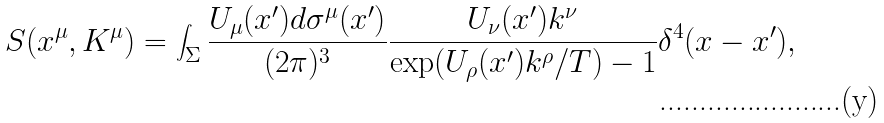<formula> <loc_0><loc_0><loc_500><loc_500>S ( x ^ { \mu } , K ^ { \mu } ) = \int _ { \Sigma } \frac { U _ { \mu } ( x ^ { \prime } ) d \sigma ^ { \mu } ( x ^ { \prime } ) } { ( 2 \pi ) ^ { 3 } } \frac { U _ { \nu } ( x ^ { \prime } ) k ^ { \nu } } { \exp ( U _ { \rho } ( x ^ { \prime } ) k ^ { \rho } / T ) - 1 } \delta ^ { 4 } ( x - x ^ { \prime } ) ,</formula> 
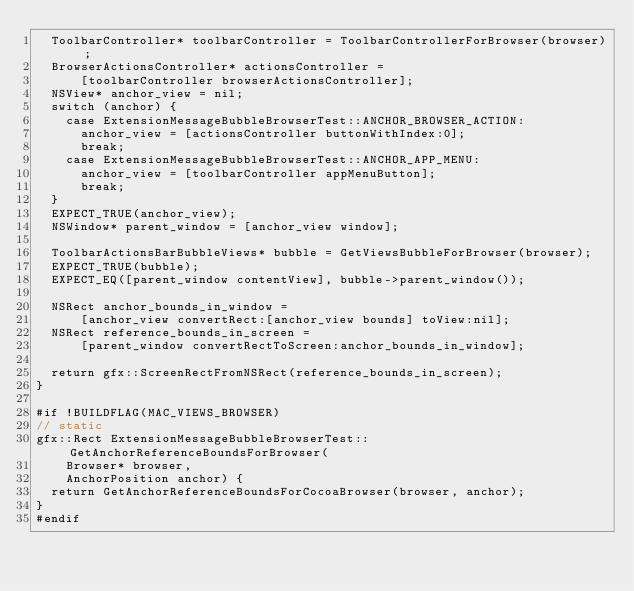Convert code to text. <code><loc_0><loc_0><loc_500><loc_500><_ObjectiveC_>  ToolbarController* toolbarController = ToolbarControllerForBrowser(browser);
  BrowserActionsController* actionsController =
      [toolbarController browserActionsController];
  NSView* anchor_view = nil;
  switch (anchor) {
    case ExtensionMessageBubbleBrowserTest::ANCHOR_BROWSER_ACTION:
      anchor_view = [actionsController buttonWithIndex:0];
      break;
    case ExtensionMessageBubbleBrowserTest::ANCHOR_APP_MENU:
      anchor_view = [toolbarController appMenuButton];
      break;
  }
  EXPECT_TRUE(anchor_view);
  NSWindow* parent_window = [anchor_view window];

  ToolbarActionsBarBubbleViews* bubble = GetViewsBubbleForBrowser(browser);
  EXPECT_TRUE(bubble);
  EXPECT_EQ([parent_window contentView], bubble->parent_window());

  NSRect anchor_bounds_in_window =
      [anchor_view convertRect:[anchor_view bounds] toView:nil];
  NSRect reference_bounds_in_screen =
      [parent_window convertRectToScreen:anchor_bounds_in_window];

  return gfx::ScreenRectFromNSRect(reference_bounds_in_screen);
}

#if !BUILDFLAG(MAC_VIEWS_BROWSER)
// static
gfx::Rect ExtensionMessageBubbleBrowserTest::GetAnchorReferenceBoundsForBrowser(
    Browser* browser,
    AnchorPosition anchor) {
  return GetAnchorReferenceBoundsForCocoaBrowser(browser, anchor);
}
#endif
</code> 
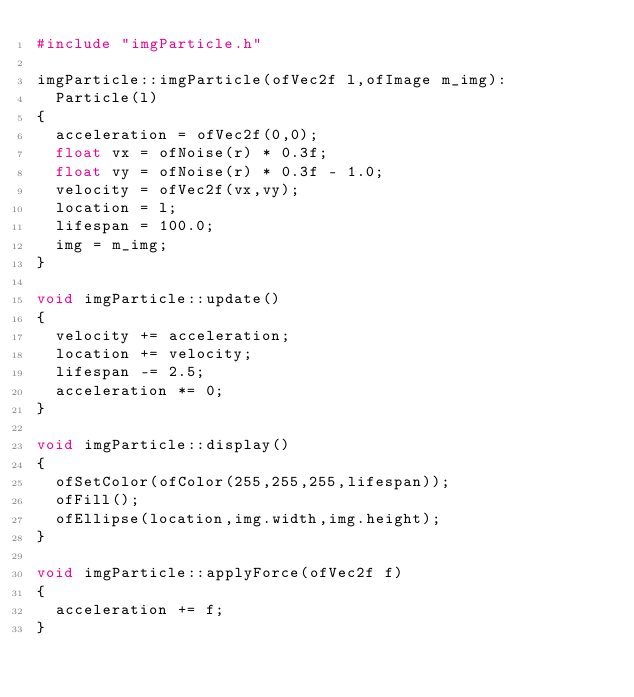<code> <loc_0><loc_0><loc_500><loc_500><_C++_>#include "imgParticle.h"

imgParticle::imgParticle(ofVec2f l,ofImage m_img):
	Particle(l)
{
	acceleration = ofVec2f(0,0);
	float vx = ofNoise(r) * 0.3f;
	float vy = ofNoise(r) * 0.3f - 1.0;
	velocity = ofVec2f(vx,vy);
	location = l;
	lifespan = 100.0;
	img = m_img;
}

void imgParticle::update()
{
	velocity += acceleration;
	location += velocity;
	lifespan -= 2.5;
	acceleration *= 0;
}

void imgParticle::display()
{
	ofSetColor(ofColor(255,255,255,lifespan));
	ofFill();
	ofEllipse(location,img.width,img.height);
}

void imgParticle::applyForce(ofVec2f f)
{
	acceleration += f;
}</code> 
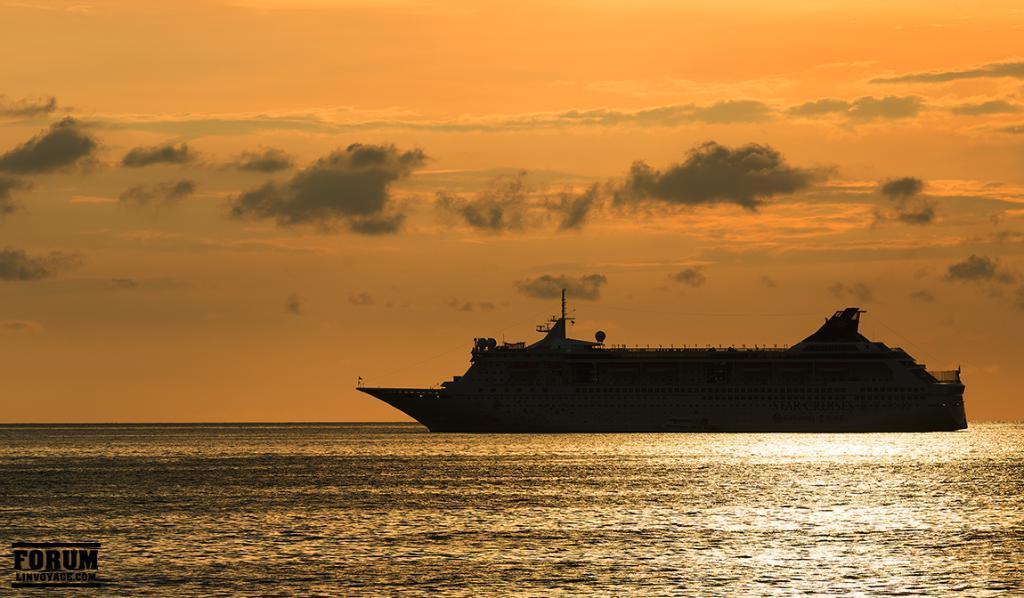In one or two sentences, can you explain what this image depicts? This image consists of a ship moving on the water. At the bottom, there is water. At the top, there are clouds in the sky. 
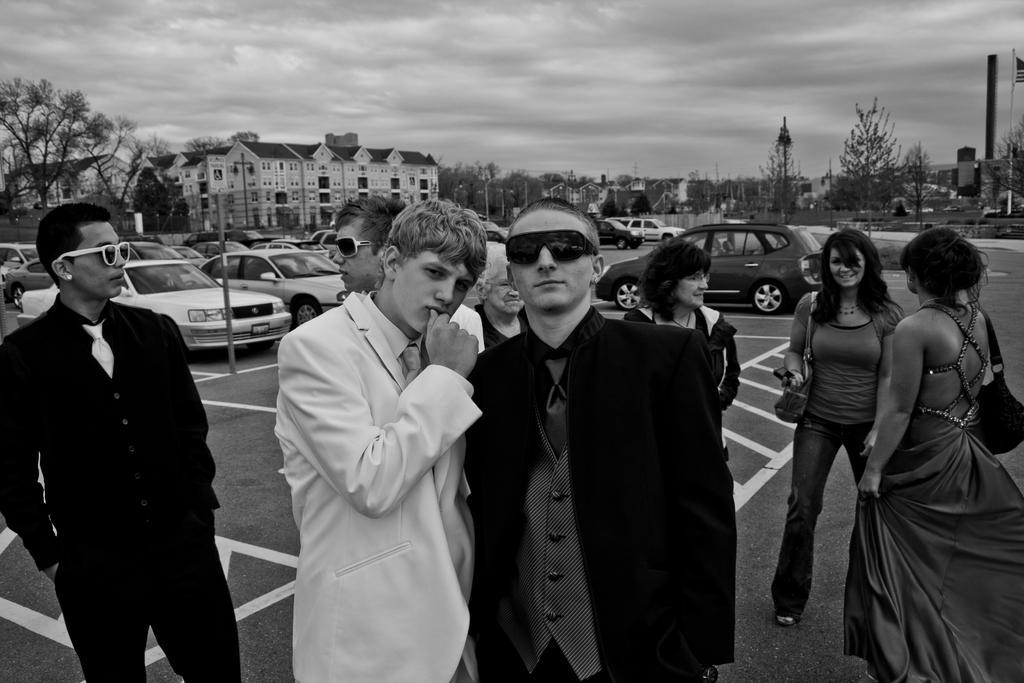Describe this image in one or two sentences. In this image there are many people. Here there are many cars. In the background there are trees, buildings,street lights. Here there is a pole. This is a flag. The sky is cloudy. 
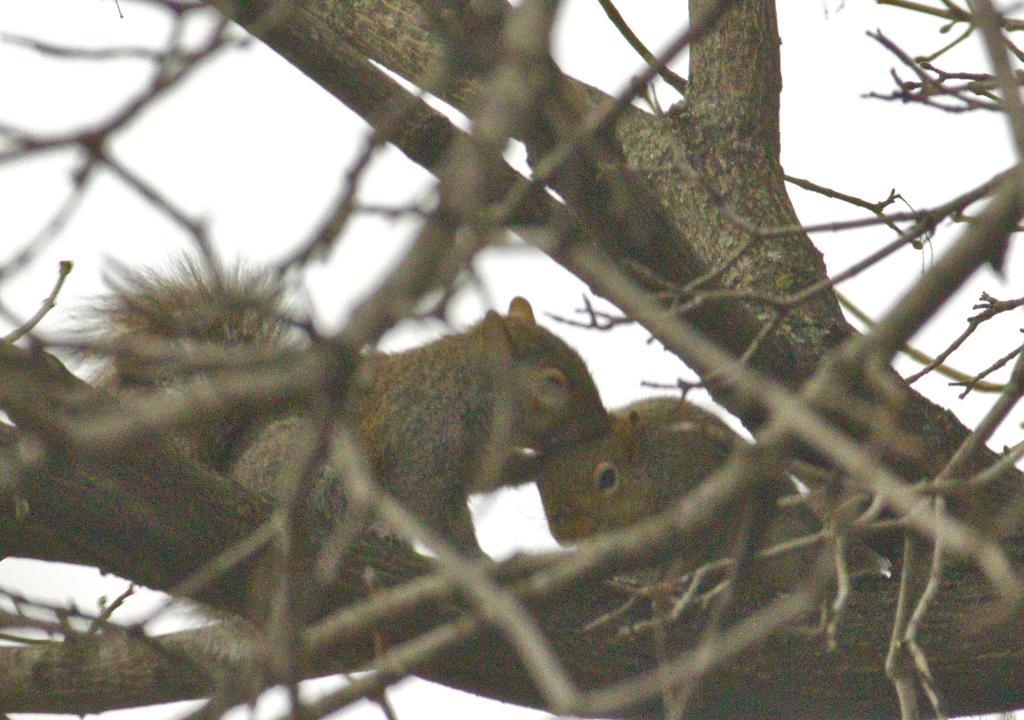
++++++++
Pictures are to be left out; the answer must otherwise be exactly the lines from the one with "In one or two sentences, can" through the final line of the entries above, both included.

> _Result_:
In one or two sentences, can you explain what this image depicts? This image consists of a ship moving on the water. At the bottom, there is water. At the top, there are clouds in the sky. 
Describe this image in one or two sentences. In this image there are many people. Here there are many cars. In the background there are trees, buildings,street lights. Here there is a pole. This is a flag. The sky is cloudy. 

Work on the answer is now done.